I'm leaning towards Timsort since it kicks ash in Python
What are your thoughts? Pros & Cons?
I'm leaning towards Timsort since it kicks ash in Python
What are your thoughts? Pros & Cons?
The constraints make it sound like counting sort is the way to go.
Definitely counting sort, runs in O(n + m), where n is a million and m is 99 in your case. The con is that it also uses up O(n + m) space, which is quite alot when n = 1.000.000, but it will run in linear time.
If you use Quicksort you can get away with O(log n) space usage, but then you would have O(n log n) running time on average.
There is no perfect algorithm for the job. Which is most constrained in your case? Space or speed?
I'm including the size of the output because counting sort cannot be performed in-place, so the OP would need an extra array of size 1.000.000 for the output, whereas with various other sorting algorithms you wouldn't need an output array at all.

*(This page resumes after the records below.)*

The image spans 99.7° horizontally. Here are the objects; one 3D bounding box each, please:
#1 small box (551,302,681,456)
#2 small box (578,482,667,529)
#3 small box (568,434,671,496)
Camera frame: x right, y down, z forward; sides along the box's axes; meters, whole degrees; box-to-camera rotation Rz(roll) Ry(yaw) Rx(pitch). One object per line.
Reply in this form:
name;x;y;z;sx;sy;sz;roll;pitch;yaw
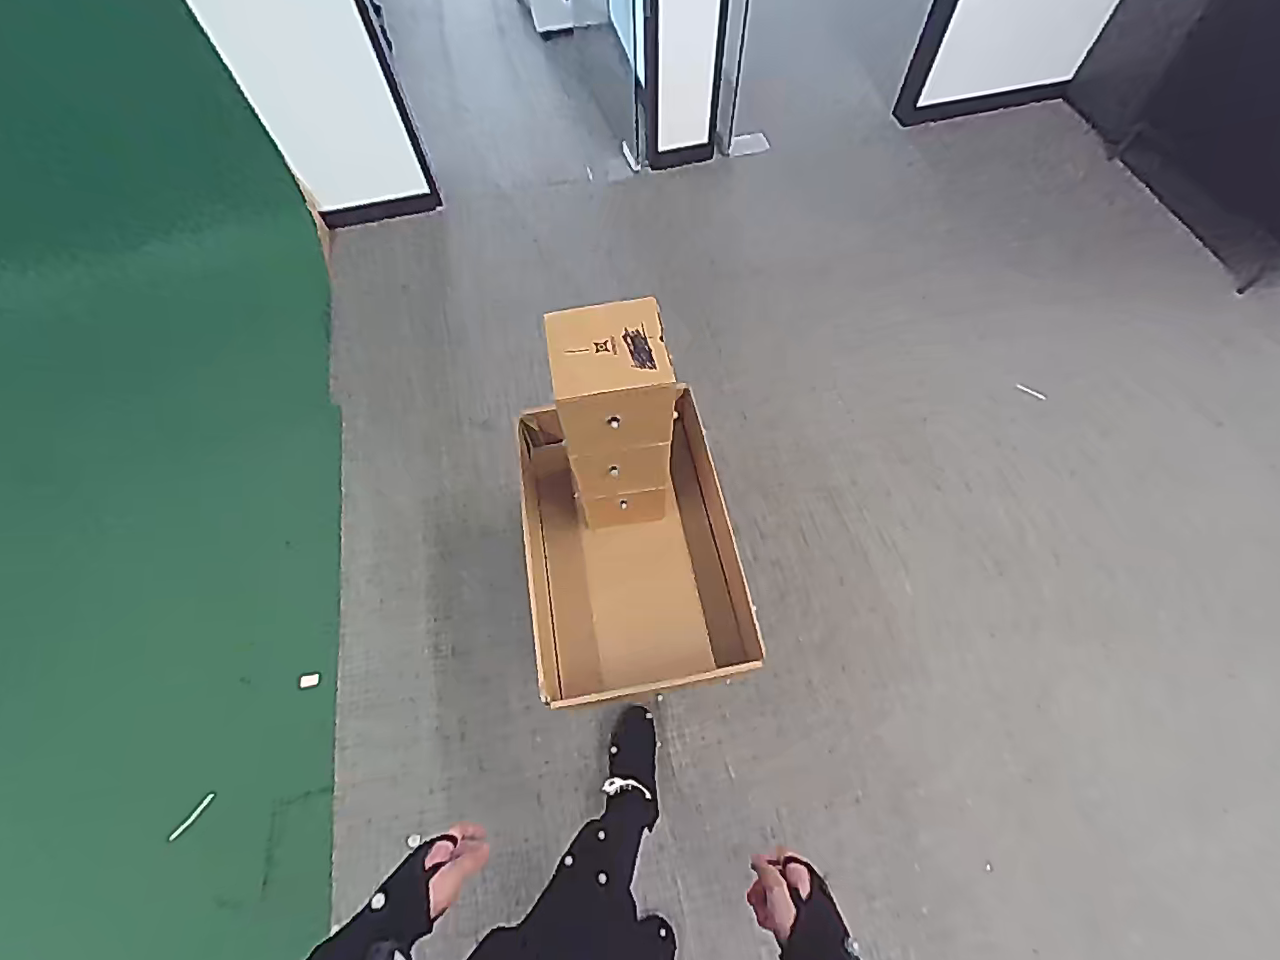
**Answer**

Wikipedia seems to have a different opinion than me though :-) It seems there is a version of counting sort that can be performed in-place, however it won't be stable then. In this case the space requirements would be just O(m). I didn't know of this special version of counting sort when i first replied.
O_o
The space requirement for the generic "Counting Sort" is 'O(n + m)'. Period. The output array is memory that is required by the algorithm. Pretending that memory doesn't count because "it is an output" is wrong. Pure and simple. If I tell you that an algorithm requires 'O(m)' extra space when it requires 'O(n + m)' I'm lying. You have to account for that space because choosing between two algorithms may come down to space requirements and some algorithms do only use 'O(m)' space.
A dozen or so special purpose variations of "Counting Sort" exist. They each have different "trade-offs". You can't properly choose between these variations if you start excluding the details.
Soma
I would do it using a 100 element array of integers.
Note: The solution is NOT really a sorting algorithm; but, the output is based on the input.
It is more like an data compression and sort algorithm combined.
Tim S.
If you are curious, this is an instance of a "distribution sort".Quote:
It is more like an data compression and sort algorithm combined.
It is conceptually the "first half" of "Counting Sort" optimized for integers values as keys.
Soma
Choosing between an in-place and an out-of-place sort does not require an ivory tower analysis.
Precisely.
And just to be clear, the array of 100 counts allows you to reconstruct the sorted data over top of the original data, should you not need to retain the original data.
If you really really needed maximum speed, then a counting sort with parameters such as those that are proposed here would lead itself to parallelism fairly well. Say four threads each processing a quarter of the input, and four arrays of 100 items that can be added together prior to data reconstruction, would kick ass.
Of course having such perfect parameters such as the stated problem practically never happens in practice.